* _Data for analysis_
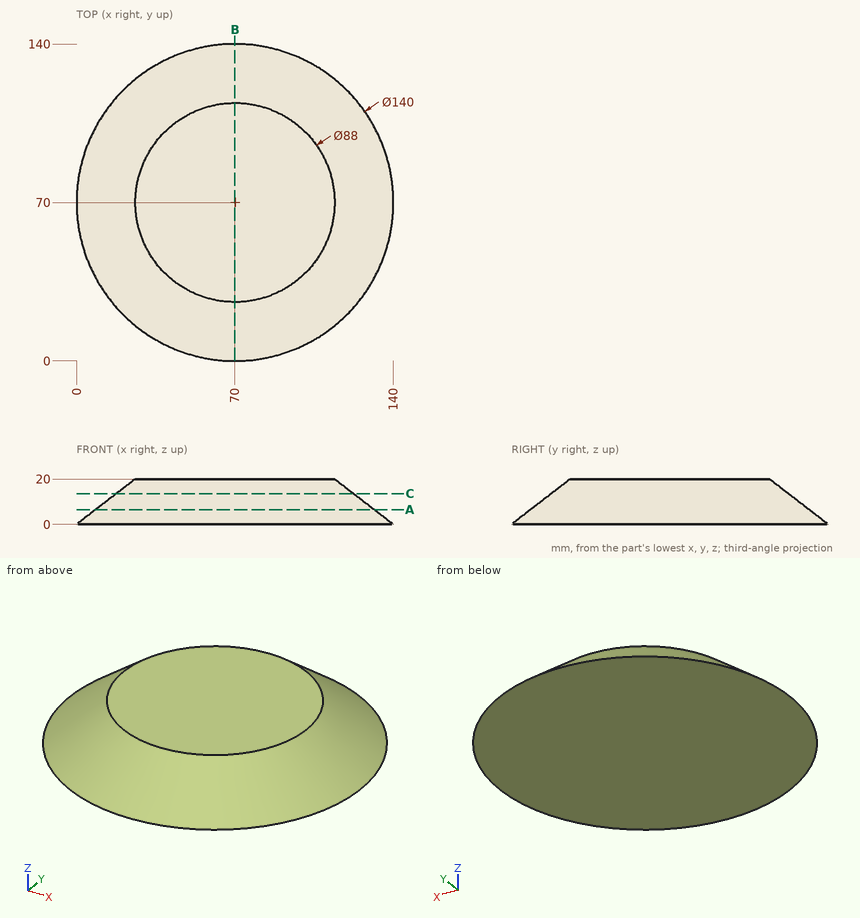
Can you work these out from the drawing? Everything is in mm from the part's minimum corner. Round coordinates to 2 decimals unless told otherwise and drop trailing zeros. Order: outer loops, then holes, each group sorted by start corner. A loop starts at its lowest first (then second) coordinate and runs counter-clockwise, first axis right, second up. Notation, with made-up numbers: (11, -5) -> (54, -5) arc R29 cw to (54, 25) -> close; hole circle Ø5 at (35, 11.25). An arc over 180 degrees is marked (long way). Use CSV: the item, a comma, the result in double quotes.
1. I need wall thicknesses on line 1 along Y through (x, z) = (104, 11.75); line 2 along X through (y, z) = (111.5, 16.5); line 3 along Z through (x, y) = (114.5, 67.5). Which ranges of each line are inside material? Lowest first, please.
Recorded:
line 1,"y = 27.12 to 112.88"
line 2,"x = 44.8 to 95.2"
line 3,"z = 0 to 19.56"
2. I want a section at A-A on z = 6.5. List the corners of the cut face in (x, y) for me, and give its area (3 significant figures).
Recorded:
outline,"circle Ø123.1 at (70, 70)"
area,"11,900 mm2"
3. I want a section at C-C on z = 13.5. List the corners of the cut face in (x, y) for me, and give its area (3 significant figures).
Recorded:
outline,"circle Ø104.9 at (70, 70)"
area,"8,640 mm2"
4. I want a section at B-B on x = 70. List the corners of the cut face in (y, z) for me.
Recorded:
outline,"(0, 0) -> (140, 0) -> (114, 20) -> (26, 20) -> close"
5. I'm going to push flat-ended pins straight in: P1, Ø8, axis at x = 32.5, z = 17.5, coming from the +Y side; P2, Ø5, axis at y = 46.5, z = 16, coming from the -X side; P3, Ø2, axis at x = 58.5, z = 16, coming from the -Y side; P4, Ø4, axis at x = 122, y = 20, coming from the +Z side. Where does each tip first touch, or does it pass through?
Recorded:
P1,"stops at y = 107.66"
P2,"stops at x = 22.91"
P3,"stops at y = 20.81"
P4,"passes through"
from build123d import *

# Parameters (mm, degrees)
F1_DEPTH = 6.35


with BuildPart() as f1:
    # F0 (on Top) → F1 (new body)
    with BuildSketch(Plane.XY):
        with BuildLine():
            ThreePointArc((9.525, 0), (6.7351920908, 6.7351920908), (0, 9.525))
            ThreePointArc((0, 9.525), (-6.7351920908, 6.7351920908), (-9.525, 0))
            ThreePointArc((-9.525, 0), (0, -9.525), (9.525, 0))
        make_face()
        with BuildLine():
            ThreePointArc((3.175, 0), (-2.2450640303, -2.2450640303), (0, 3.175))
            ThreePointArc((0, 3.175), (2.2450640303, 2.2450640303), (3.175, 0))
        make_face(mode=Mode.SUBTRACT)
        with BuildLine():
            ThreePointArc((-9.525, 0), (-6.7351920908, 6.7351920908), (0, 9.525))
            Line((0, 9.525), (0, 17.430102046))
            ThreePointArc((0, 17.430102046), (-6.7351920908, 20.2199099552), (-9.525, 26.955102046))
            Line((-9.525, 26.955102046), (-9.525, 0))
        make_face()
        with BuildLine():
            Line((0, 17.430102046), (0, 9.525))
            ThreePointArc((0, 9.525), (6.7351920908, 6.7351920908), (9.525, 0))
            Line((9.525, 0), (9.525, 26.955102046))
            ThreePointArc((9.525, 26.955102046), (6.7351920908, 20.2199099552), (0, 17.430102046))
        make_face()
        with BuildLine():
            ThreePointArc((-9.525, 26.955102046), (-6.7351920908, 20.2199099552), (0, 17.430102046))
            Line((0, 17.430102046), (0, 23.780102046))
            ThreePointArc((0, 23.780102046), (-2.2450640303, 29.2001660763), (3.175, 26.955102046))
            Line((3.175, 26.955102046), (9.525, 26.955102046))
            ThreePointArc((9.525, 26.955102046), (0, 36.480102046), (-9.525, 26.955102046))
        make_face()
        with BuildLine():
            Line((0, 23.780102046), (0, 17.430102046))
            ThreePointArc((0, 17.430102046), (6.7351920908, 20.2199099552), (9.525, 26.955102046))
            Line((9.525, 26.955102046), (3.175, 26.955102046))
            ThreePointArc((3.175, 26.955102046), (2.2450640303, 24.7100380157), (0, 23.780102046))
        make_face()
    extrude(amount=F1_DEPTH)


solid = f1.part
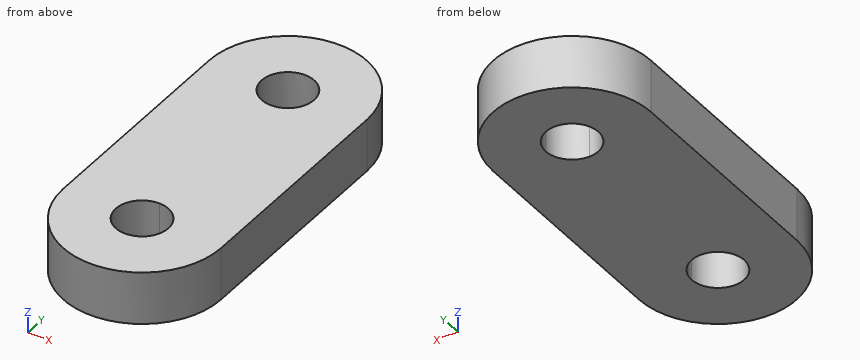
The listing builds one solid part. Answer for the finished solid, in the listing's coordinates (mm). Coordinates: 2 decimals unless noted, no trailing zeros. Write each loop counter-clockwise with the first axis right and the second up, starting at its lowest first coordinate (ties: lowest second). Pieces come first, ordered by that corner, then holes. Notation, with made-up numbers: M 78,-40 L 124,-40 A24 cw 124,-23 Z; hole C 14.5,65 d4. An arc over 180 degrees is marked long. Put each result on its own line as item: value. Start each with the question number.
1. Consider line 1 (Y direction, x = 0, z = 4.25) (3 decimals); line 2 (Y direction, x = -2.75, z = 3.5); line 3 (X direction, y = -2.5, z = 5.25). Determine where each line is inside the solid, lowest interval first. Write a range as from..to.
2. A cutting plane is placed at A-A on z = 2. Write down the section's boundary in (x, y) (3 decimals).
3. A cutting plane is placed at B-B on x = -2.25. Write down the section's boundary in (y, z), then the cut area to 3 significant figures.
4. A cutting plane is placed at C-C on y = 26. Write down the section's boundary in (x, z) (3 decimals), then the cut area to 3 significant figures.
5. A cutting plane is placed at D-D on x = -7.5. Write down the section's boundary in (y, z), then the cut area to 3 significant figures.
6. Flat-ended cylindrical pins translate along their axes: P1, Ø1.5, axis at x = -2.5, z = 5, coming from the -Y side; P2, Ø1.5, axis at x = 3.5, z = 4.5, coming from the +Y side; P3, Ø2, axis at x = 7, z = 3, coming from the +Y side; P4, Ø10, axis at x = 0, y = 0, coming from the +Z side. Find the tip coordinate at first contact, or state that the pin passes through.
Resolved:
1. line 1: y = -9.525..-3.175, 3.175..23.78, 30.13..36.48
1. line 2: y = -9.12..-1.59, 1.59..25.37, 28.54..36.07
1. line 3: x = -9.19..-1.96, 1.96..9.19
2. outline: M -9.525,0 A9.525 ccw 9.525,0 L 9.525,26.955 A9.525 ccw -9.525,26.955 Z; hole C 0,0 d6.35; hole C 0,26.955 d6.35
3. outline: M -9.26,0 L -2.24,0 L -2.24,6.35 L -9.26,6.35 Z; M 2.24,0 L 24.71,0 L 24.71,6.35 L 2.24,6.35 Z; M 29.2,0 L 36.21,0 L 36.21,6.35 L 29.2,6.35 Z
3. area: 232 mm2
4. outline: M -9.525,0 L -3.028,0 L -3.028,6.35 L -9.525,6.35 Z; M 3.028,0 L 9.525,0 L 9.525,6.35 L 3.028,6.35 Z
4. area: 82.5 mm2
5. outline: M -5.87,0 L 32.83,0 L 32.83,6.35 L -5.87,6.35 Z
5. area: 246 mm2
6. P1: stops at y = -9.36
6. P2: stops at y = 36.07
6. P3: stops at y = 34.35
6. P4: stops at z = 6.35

* _Task description_
After locating the line holding "Line((0, 23.780102046), (0, 17.430102046))" above, output exactly that line and every line after it through the line holding "extrude(amount=F1_DEPTH)". Include nothing else.

* _Task result_
            Line((0, 23.780102046), (0, 17.430102046))
            ThreePointArc((0, 17.430102046), (6.7351920908, 20.2199099552), (9.525, 26.955102046))
            Line((9.525, 26.955102046), (3.175, 26.955102046))
            ThreePointArc((3.175, 26.955102046), (2.2450640303, 24.7100380157), (0, 23.780102046))
        make_face()
    extrude(amount=F1_DEPTH)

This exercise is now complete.